These Sevens can be mistaken as Twos given their drive to help others. 

Gluttony & Sexual (sexual 7)

The Sexual Seven is the most idealistic and enthusiastic of the Sevens. They are dreamers, living in a world of their own imagination, seeing the world through rose-coloured glasses.  These Sevens use gluttony to imagine the world as being better than what it is, to help them avoid the pain of reality.

Given their intensity, busyness and optimism they can be mistaken for Eights or Nines at times. 

What’s next?

Don’t worry if you haven’t quite figured out your subtype. There’s a lot to consider and it's really hard to see our own behavior from another’s perspective. Instead of trying to see yourself in the descriptions, use a notebook to keep track of some of the actions you felt “compelled” to do. It won’t look like a life-or-death situation on the surface, but underneath you won’t even stop to think about whether you should do it, only that you must.

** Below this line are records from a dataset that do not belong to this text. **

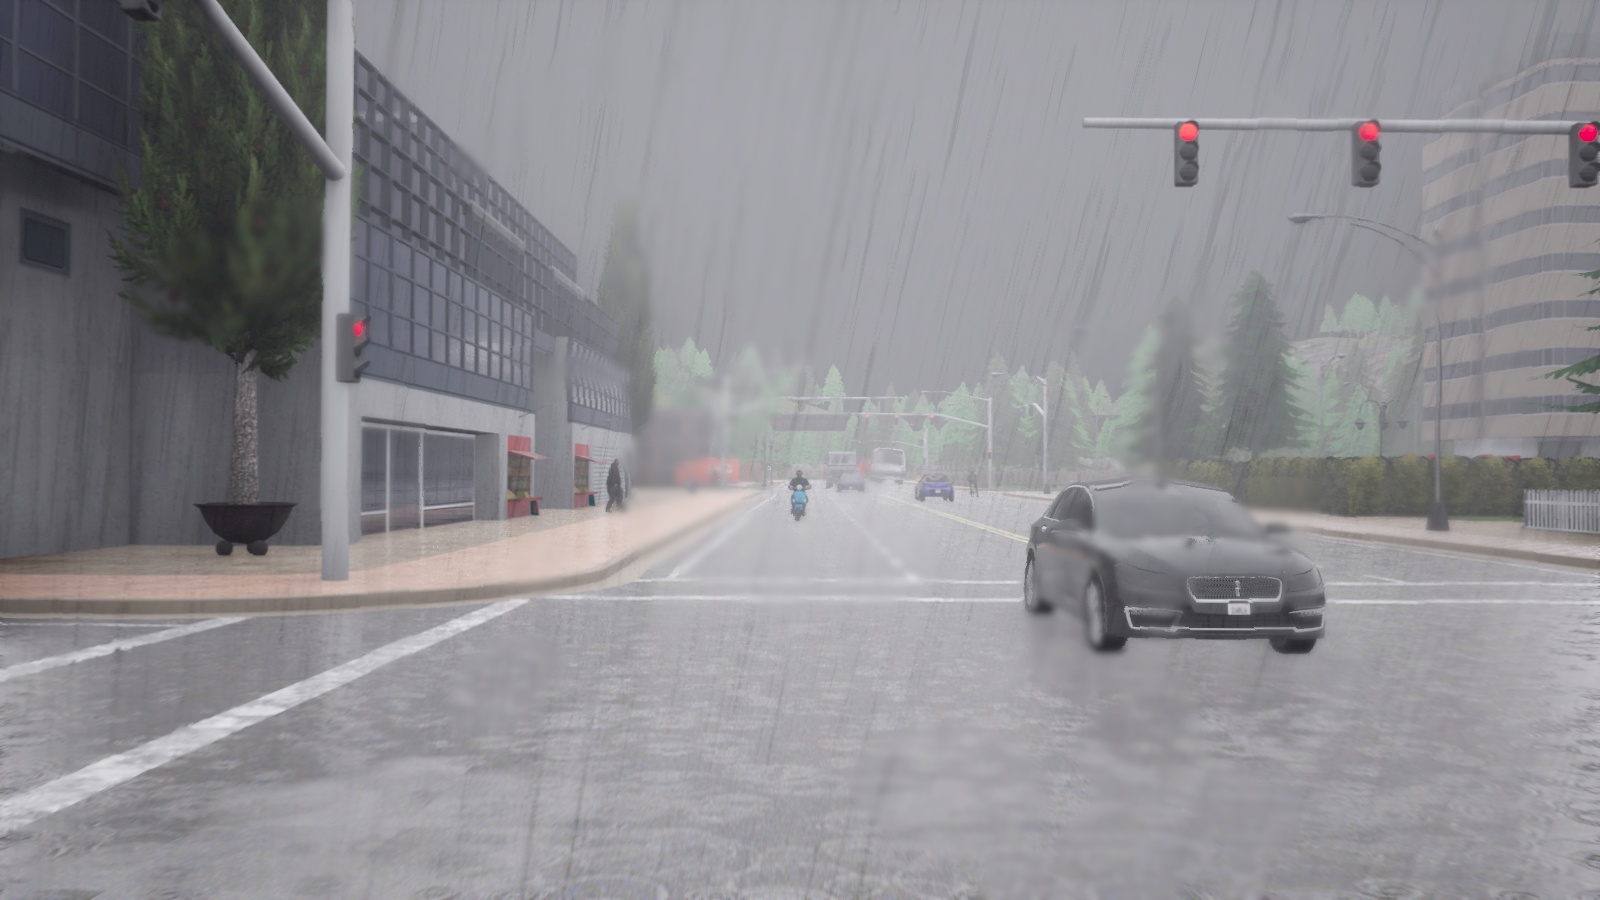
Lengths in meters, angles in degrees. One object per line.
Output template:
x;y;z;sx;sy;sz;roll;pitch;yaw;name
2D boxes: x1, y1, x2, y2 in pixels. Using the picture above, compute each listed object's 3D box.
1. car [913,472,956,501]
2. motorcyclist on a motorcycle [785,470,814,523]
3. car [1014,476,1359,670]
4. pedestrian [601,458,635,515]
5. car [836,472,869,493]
7.115;1.918;66.807;1.816;1.474;4.193;0;-1;0;car
-0.015;1.412;38.475;0.866;1.590;1.817;0;-1;0;motorcyclist on a motorcycle
3.444;1.011;12.277;1.837;1.490;4.892;0;-1;0;car
-5.872;1.175;40.495;0.899;1.844;0.634;-1;-1;19;pedestrian
3.717;2.292;89.141;2.163;1.488;4.792;0;-1;0;car
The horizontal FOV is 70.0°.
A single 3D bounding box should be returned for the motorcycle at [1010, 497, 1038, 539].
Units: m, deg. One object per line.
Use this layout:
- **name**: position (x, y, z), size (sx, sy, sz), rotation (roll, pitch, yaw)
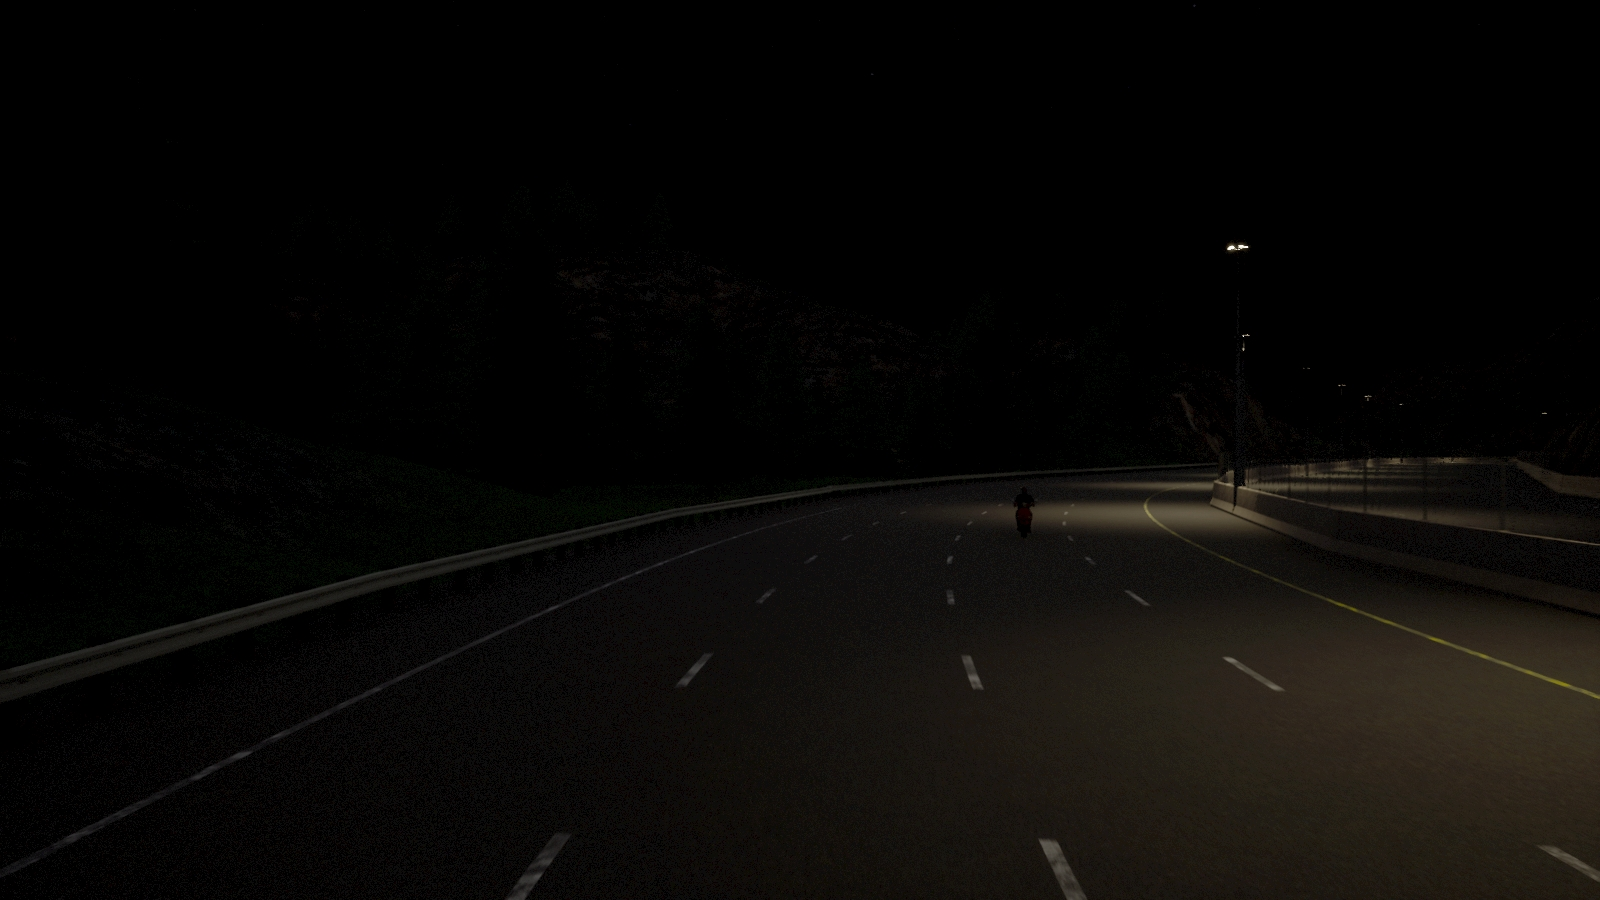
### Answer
- **motorcycle**: position (7.177, 2.168, 36.608), size (0.856, 1.236, 1.805), rotation (0, 0, 11)

You will need to track these actions after the fact, so at the end of each day or week, make a note of what you did and the feeling that was behind them. Those feelings can range from excitement, worry, sadness to anger and more. And if you are really keen, make a note of what that action was trying to get for you. Was it about your physical health and safety or gaining material resources? Was it about belonging to a group or being in service? Or was it about connecting with people one-on-one or competing with them in some way? 

After a few weeks, review your notebook and look for patterns. Which instincts were activated most often? Which feelings were driving them? And what were they helping you to achieve?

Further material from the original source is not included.